MATERIAL FOR THE TASK:
+---+

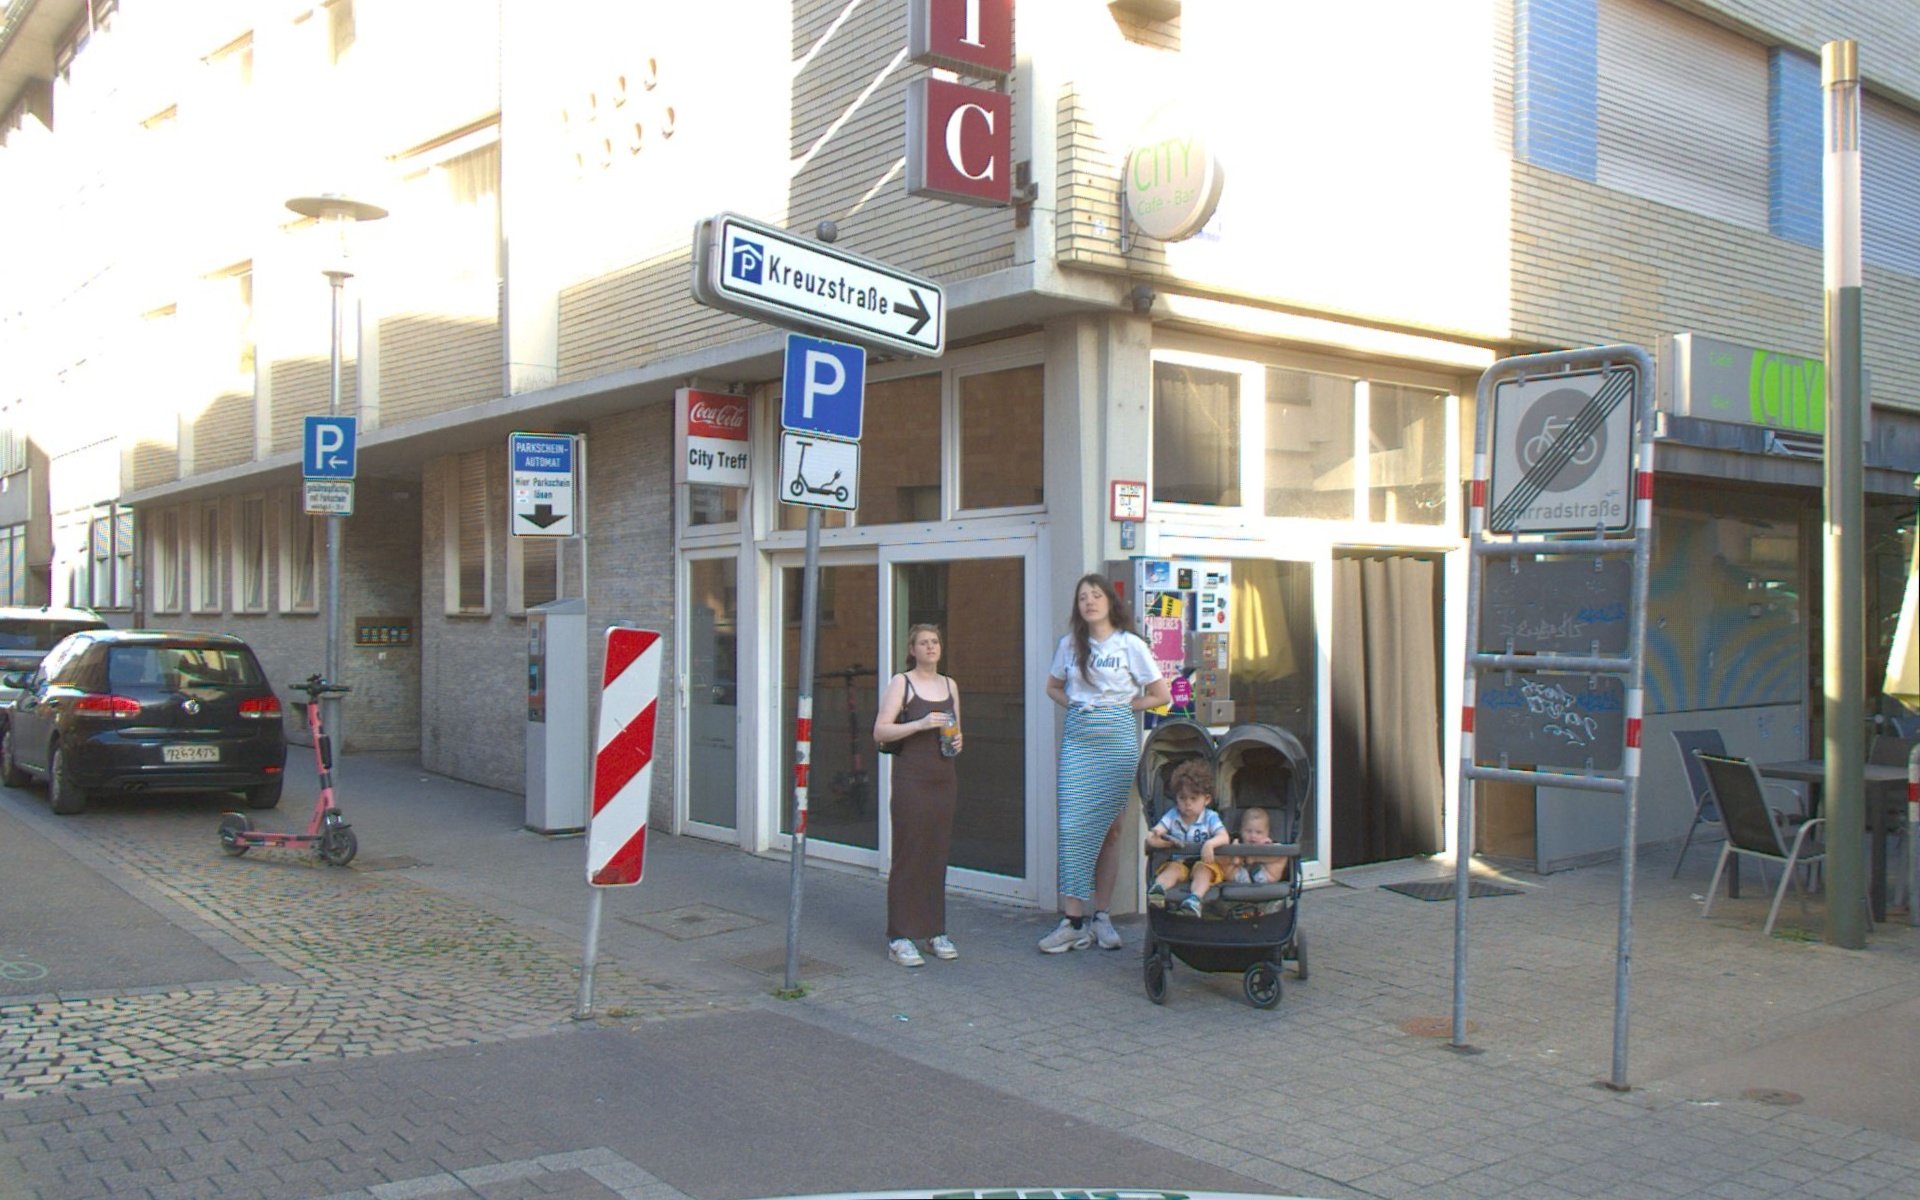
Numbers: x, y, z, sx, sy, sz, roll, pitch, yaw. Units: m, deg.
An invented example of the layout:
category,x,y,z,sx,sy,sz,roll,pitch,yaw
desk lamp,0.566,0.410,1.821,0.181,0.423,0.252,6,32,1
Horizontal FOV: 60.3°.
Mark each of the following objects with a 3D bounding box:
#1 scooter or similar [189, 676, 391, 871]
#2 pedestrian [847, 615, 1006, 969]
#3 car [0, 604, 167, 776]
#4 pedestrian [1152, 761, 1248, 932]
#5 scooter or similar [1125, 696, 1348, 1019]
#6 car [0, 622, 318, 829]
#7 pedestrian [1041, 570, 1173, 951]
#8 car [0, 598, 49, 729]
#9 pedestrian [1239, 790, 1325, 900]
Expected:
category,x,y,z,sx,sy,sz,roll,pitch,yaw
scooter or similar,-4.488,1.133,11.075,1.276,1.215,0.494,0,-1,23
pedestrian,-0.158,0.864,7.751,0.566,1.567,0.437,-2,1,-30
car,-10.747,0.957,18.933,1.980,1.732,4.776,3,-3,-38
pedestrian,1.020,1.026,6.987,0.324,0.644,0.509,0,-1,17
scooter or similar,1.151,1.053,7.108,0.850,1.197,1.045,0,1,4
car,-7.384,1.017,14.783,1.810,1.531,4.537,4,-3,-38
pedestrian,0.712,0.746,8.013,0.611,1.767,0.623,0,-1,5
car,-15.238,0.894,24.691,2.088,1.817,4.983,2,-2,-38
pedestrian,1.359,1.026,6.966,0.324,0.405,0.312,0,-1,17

+---+

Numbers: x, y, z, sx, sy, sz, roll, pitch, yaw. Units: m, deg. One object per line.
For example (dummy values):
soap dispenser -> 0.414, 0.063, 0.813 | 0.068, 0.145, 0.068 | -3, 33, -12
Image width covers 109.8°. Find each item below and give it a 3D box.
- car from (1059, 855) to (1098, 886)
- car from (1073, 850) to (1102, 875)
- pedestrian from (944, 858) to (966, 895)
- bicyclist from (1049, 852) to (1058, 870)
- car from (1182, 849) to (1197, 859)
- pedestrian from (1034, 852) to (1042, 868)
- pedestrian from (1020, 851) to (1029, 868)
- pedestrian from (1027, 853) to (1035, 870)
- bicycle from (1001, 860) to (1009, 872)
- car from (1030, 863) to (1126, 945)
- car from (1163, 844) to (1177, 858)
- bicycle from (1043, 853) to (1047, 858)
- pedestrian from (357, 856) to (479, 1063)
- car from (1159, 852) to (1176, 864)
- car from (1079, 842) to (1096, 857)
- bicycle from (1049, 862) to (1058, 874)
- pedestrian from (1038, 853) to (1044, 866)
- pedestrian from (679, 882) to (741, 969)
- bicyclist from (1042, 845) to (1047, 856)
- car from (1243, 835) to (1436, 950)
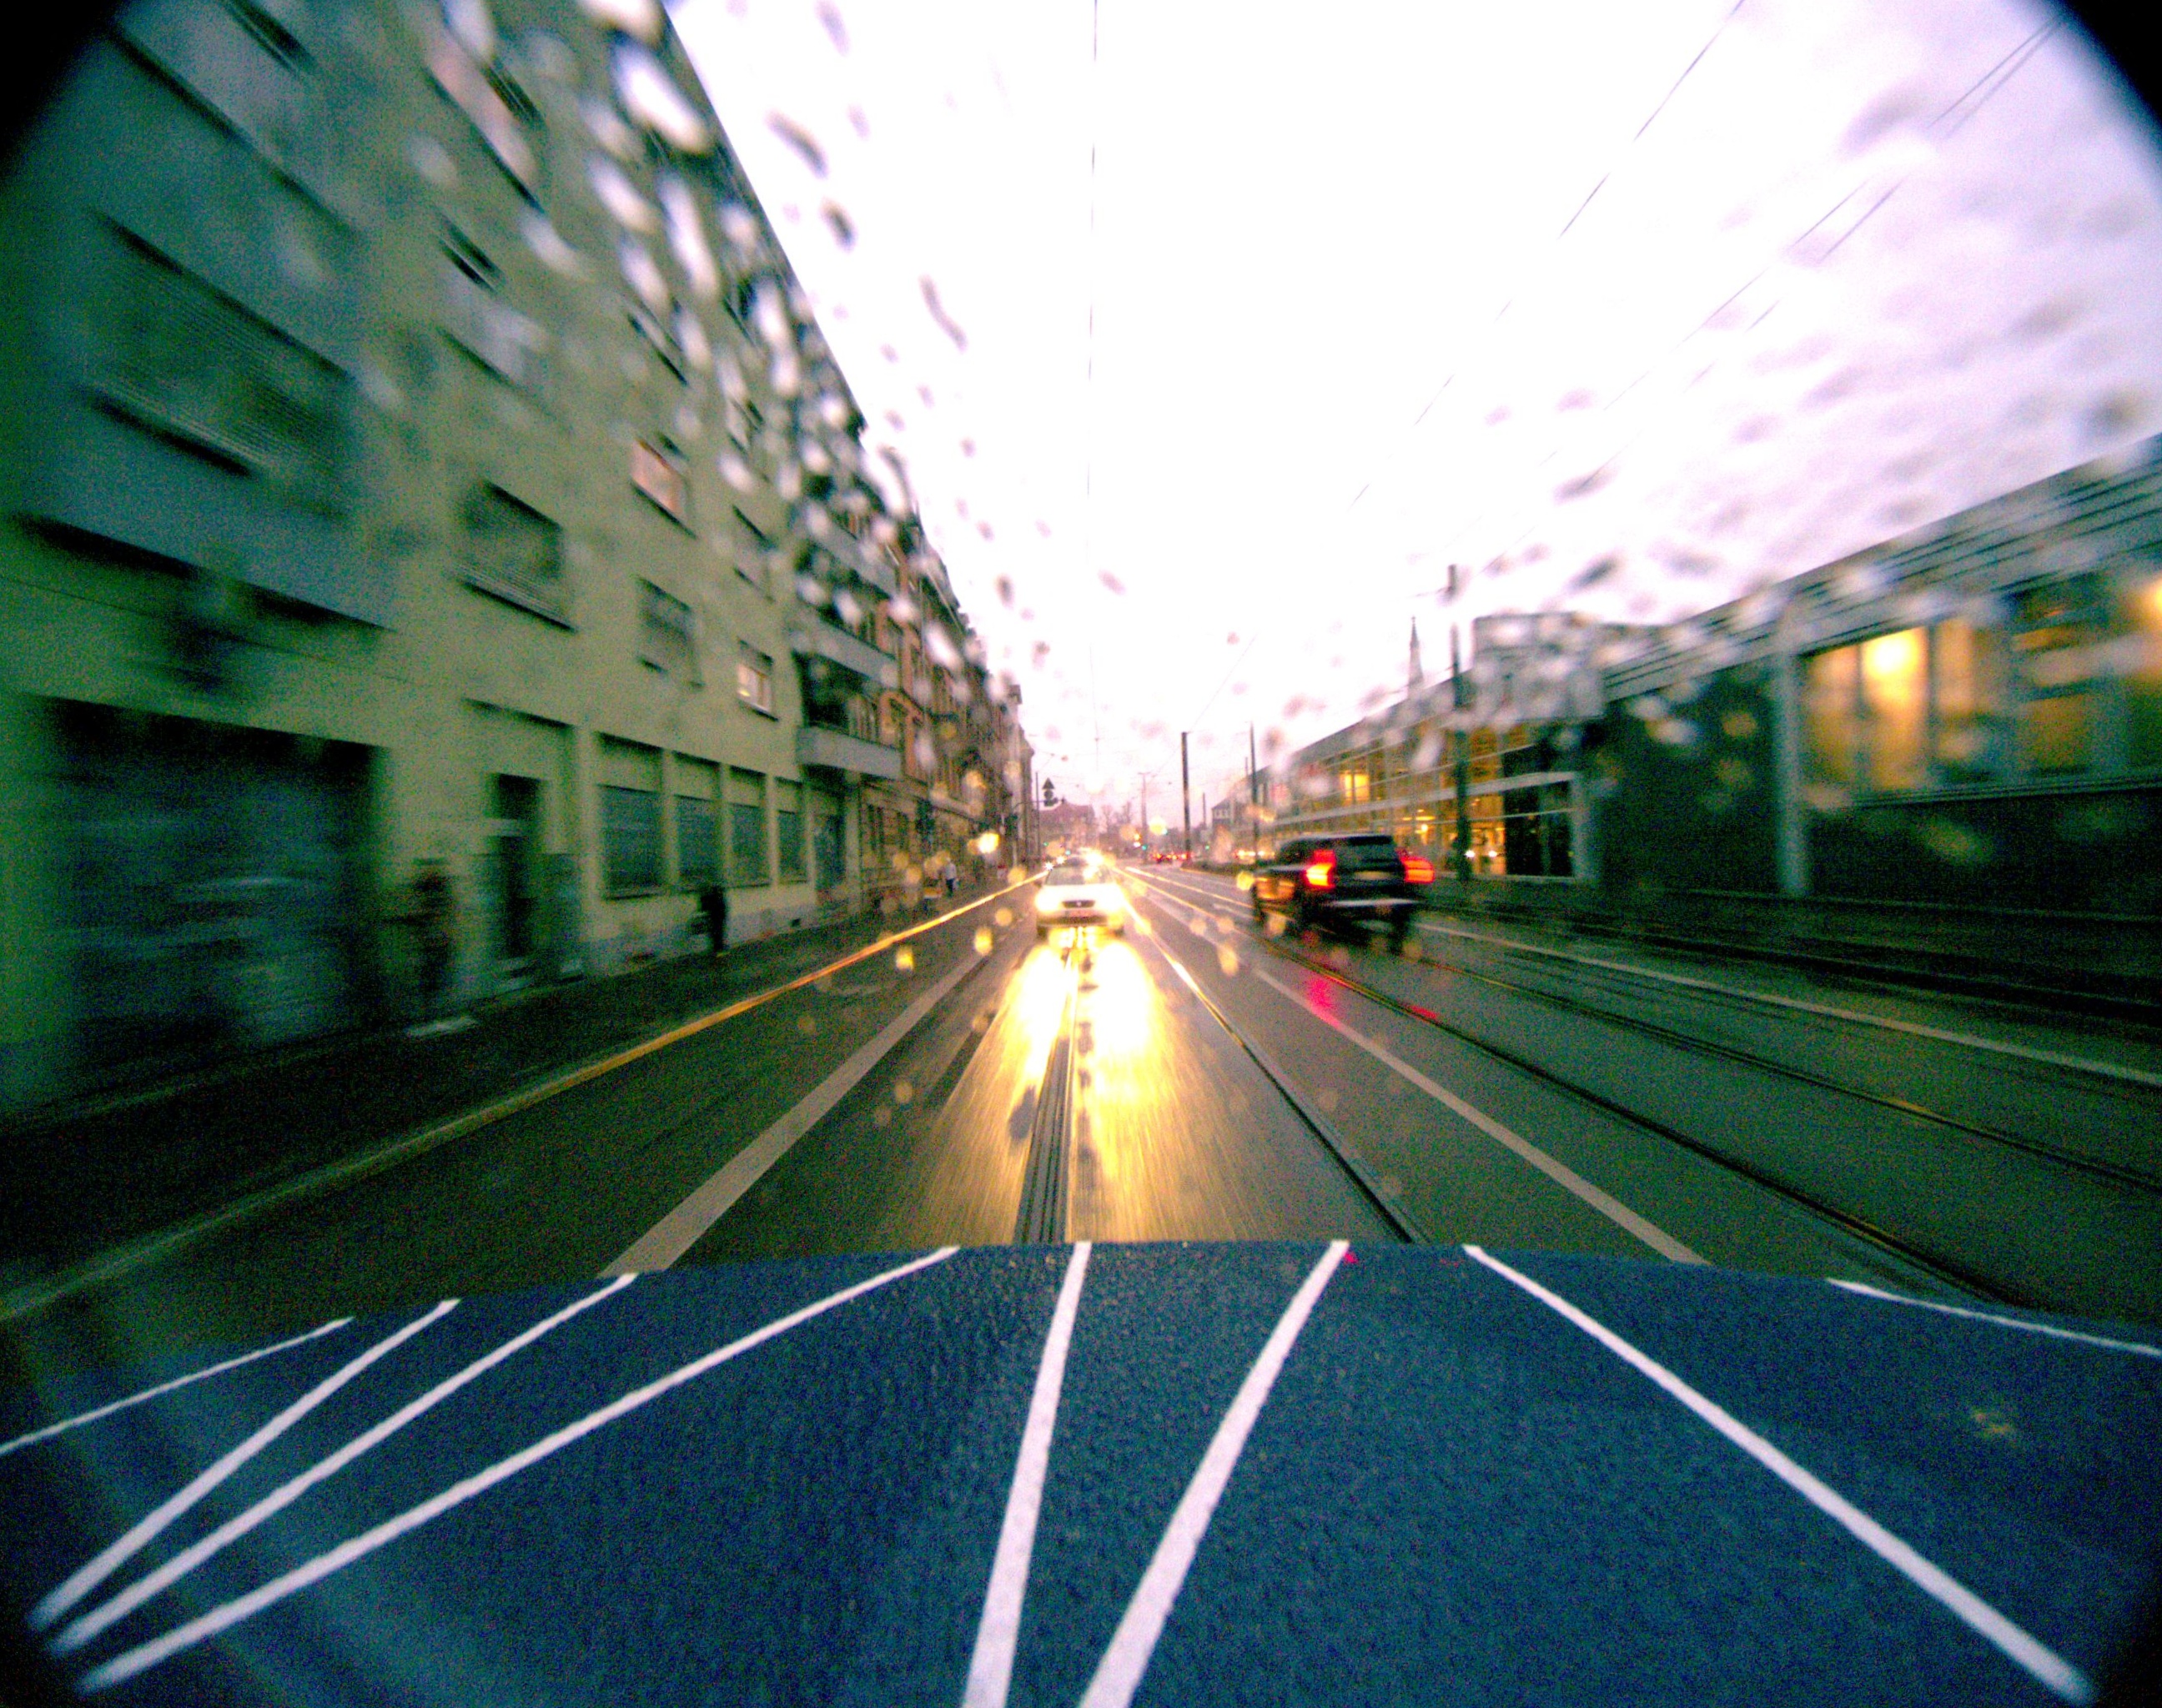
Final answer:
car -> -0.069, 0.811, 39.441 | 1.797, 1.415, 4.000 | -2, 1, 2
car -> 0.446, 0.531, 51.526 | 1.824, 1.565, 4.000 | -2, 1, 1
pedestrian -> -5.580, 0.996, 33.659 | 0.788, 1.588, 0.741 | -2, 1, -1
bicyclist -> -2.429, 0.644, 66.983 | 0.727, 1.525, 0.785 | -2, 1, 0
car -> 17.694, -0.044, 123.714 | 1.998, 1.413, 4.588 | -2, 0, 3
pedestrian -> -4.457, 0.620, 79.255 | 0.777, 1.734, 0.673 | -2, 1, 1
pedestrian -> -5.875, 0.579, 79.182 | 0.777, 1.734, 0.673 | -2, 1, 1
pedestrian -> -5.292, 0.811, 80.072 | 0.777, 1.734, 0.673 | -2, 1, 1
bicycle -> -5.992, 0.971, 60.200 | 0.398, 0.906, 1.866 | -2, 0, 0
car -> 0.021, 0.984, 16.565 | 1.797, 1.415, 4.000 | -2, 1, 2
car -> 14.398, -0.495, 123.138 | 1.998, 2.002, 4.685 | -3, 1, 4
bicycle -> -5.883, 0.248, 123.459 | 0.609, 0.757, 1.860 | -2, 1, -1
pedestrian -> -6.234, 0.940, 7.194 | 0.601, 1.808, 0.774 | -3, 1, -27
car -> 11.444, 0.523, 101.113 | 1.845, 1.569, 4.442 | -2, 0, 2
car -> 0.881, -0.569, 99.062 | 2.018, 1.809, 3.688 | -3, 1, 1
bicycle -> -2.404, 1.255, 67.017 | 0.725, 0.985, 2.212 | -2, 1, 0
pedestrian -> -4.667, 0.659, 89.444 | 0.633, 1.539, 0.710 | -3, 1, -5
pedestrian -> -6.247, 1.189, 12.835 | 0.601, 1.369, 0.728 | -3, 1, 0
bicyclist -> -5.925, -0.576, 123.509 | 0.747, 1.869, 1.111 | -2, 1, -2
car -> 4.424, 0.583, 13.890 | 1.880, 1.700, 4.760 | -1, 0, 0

+---+

From the records above, quote only the lines running from the line with "- bicycle from (1043, 853) to (1047, 858)" to the line with "- pedestrian from (679, 882) to (741, 969)", both lines included.

- bicycle from (1043, 853) to (1047, 858)
- pedestrian from (357, 856) to (479, 1063)
- car from (1159, 852) to (1176, 864)
- car from (1079, 842) to (1096, 857)
- bicycle from (1049, 862) to (1058, 874)
- pedestrian from (1038, 853) to (1044, 866)
- pedestrian from (679, 882) to (741, 969)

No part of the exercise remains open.